I remember my mainframe admins saying that on our system it takes sorting a certain number of obs before our system would use syncsort, otherwise it would just use sas's sort. Wonder if the same is true weather or not im using a datastep or a sql statement. Hmmmmmm....yet another thind on a long list to ponder..

Toby Dunn

-----Original Message----- From: SAS(r) Discussion [mailto:SAS-L@LISTSERV.UGA.EDU] On Behalf Of Don Stanley Sent: Tuesday, February 03, 2004 2:33 PM To: SAS-L@LISTSERV.UGA.EDU Subject: Re: SQL speed

Yes, as i recall when proc syncsort is installed any proc sort automagically becomes a proc syncsort.
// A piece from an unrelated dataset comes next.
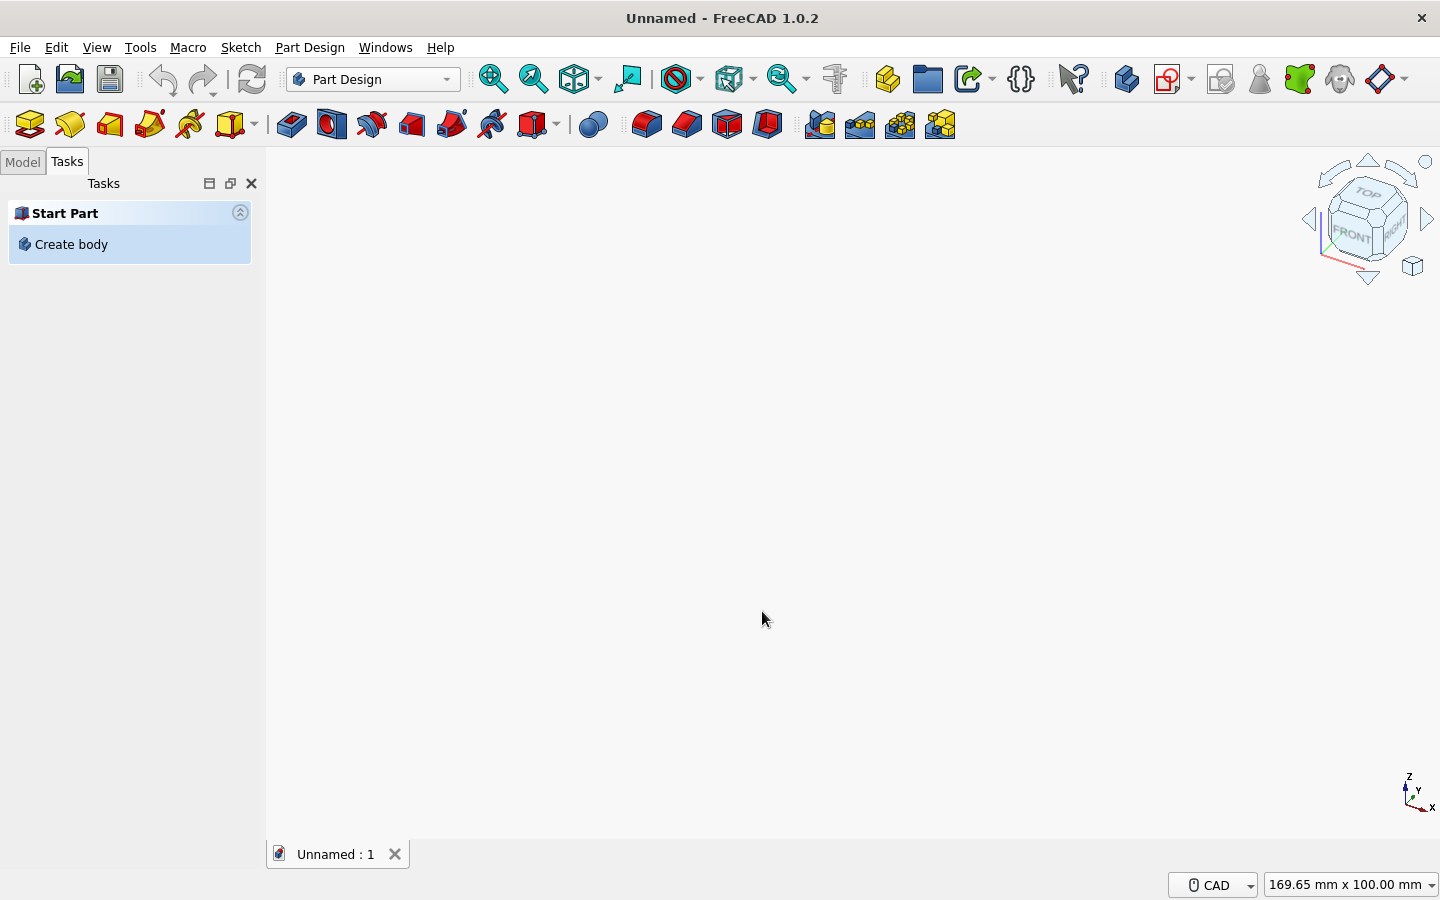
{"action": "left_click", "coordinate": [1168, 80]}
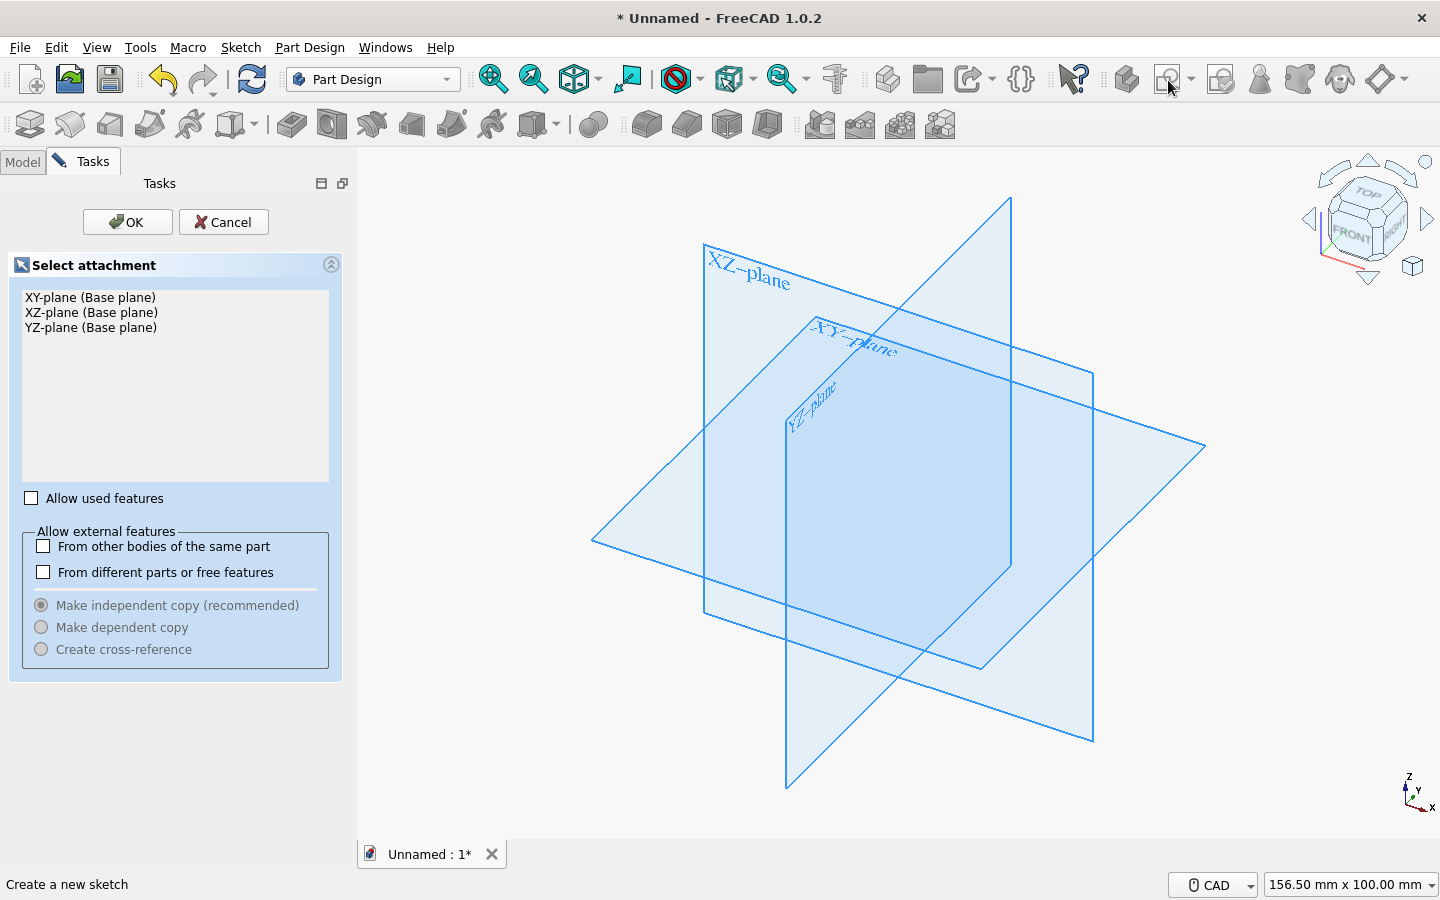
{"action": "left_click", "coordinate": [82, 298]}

This is very sensible, I wouldn't want to be coding "proc syncsort" in my jobs and then have the company dictate we move to a different sort engine. I'd have a massive overhead in maintenance. I had neglected to mention this, and it does mean effectively only two choices for Proc SORT, SAS sort or proc syncsort. for SQL it also means two choices, SAS SORT or system syncsort.

I always understood proc syncsort to be a proc sort replacement, no intention on the part of the developers to use it with SAS SQL (which wasn't even around when I first used proc syncsort!). I wasn't clear about that in my earlier post.

Crux of my message doesn't change. PROC SYNCSORT is very worthwhile. There are situations where you cannot avoid sorting in SQL, otherwise with proc syncsort installed it just gets used with proc sort.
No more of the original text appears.